In this stage, the remaining substitution features from the GSUB table are applied. The order in which these features are applied is not canonical; they should be applied in the order in which they appear in the GSUB table in the font.

pres
abvs
blws
psts
liga

The pres feature replaces pre-base-consonant glyphs with special presentations forms. In Myanmar, this can include stylistic variants of left-side dependent vowels (matras) or of "Medial Ra".

Application of the pres feature

The abvs feature replaces above-base-consonant glyphs with special presentation forms. This usually includes contextual variants of above-base marks or contextually appropriate mark-and-base ligatures.

Application of the abvs feature

The blws feature replaces below-base-consonant glyphs with special presentation forms. In Myanmar, this can include contextual ligatures involving below-base dependent vowel marks (matras), medial consonants, or subjoined consonants.

Application of the blws feature

The psts feature replaces post-base-consonant glyphs with special presentation forms. This usually includes replacing right-side dependent vowels (matras) with stylistic variants.

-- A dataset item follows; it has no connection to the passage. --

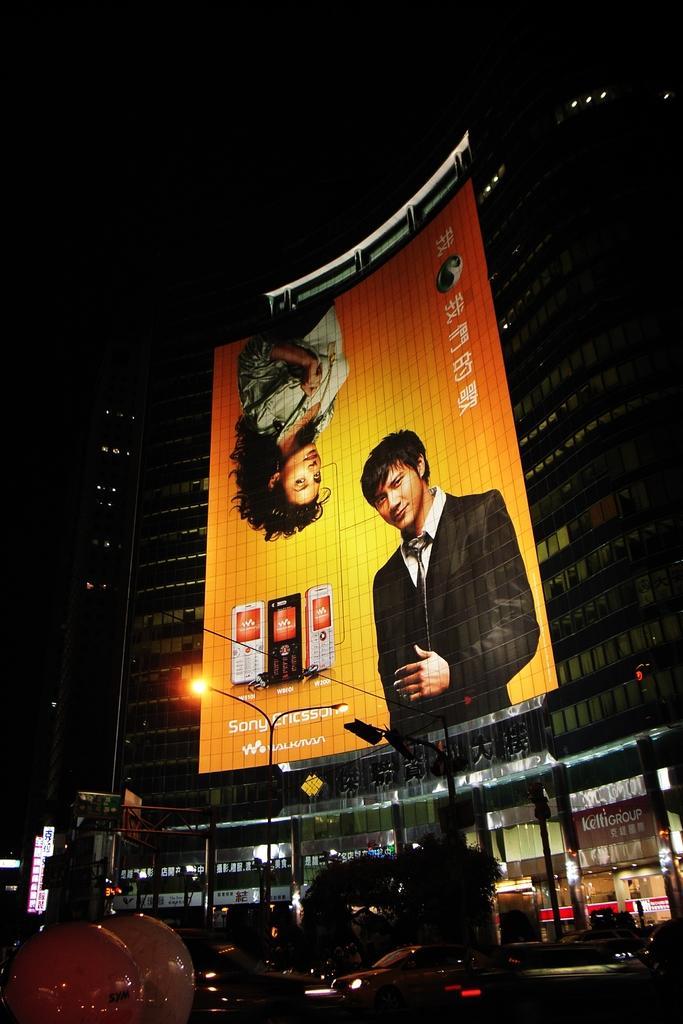Please provide a concise description of this image. In this image we can see a banner on a building containing some pictures and text on it. On the bottom of the image we can see a street pole, a signboard, trees and some vehicles on the road. 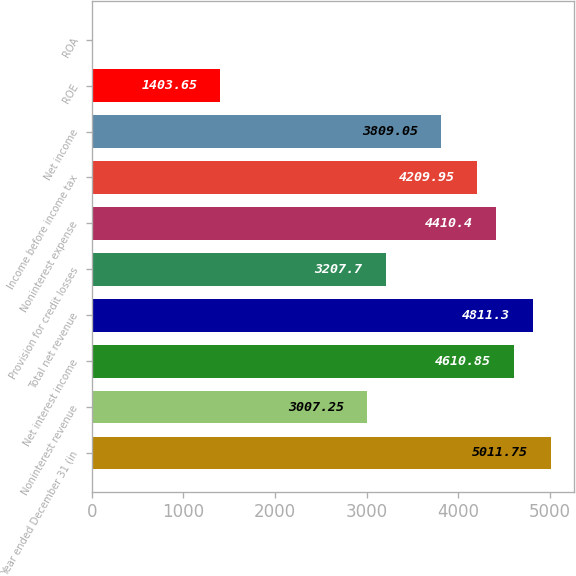Convert chart. <chart><loc_0><loc_0><loc_500><loc_500><bar_chart><fcel>Year ended December 31 (in<fcel>Noninterest revenue<fcel>Net interest income<fcel>Total net revenue<fcel>Provision for credit losses<fcel>Noninterest expense<fcel>Income before income tax<fcel>Net income<fcel>ROE<fcel>ROA<nl><fcel>5011.75<fcel>3007.25<fcel>4610.85<fcel>4811.3<fcel>3207.7<fcel>4410.4<fcel>4209.95<fcel>3809.05<fcel>1403.65<fcel>0.5<nl></chart>

Application of the psts feature

The liga feature substitutes standard, optional ligatures that are on by default. Substitutions made by liga may be disabled by application-level user interfaces.

Application of the liga feature

5: Applying remaining positioning features from GPOS

In this stage, mark positioning, kerning, and other GPOS features are applied. As with the preceding stage, the order in which these features are applied is not canonical; they should be applied in the order in which they appear in the GPOS table in the font.

dist
abvm
blwm
mark
mkmk

Note: The kern feature is usually applied at this stage, if it is present in the font. However, kern is not mandatory for shaping Myanmar text and may be disabled by user preference.

The dist feature adjusts the horizontal positioning of glyphs. Unlike kern, adjustments made with dist do not require the application or the user to enable any software kerning features, if such features are optional.

In Myanmar text, dist is typically used to adjust the space around a pre-base-reordering "Medial Ra", because the "Medial Ra" codepoint is classified as being of zero width, but is orthographically a glyph that encloses the adjacent letter.

Application of the dist feature

The abvm feature positions above-base glyphs for attachment to base characters. In Myanmar, this includes "Kinzi" and "Asat" in addition to tone markers, diacritical marks, above-base dependent vowels (matras), and Vedic signs.

Application of the abvm feature

The blwm feature positions below-base glyphs for attachment to base characters. In Myanmar, this includes subjoined consonants as well as below-base dependent vowels (matras), medial consonants, tone markers, diacritical marks, and Vedic signs.

Application of the blwm feature

The mark feature positions marks with respect to base glyphs.

Application of the mark feature

The mkmk feature positions marks with respect to preceding marks, providing proper positioning for sequences of marks that attach to the same base glyph.

Application of the mkmk feature

The <mymr> shaping model

The older Myanmar script tag, <mymr>, has been deprecated. However, shaping engines may still encounter fonts that were built to work with <mymr> and some users may still have documents that were written to take advantage of <mymr> shaping.

Sparse information is available about how the Microsoft Uniscribe shaping engine treated <mymr> text runs. Documentation from the HarfBuzz shaping engine suggests that the Uniscribe <mymr> shaper did not perform a significant amount of reordering or application of Indic-like GSUB features.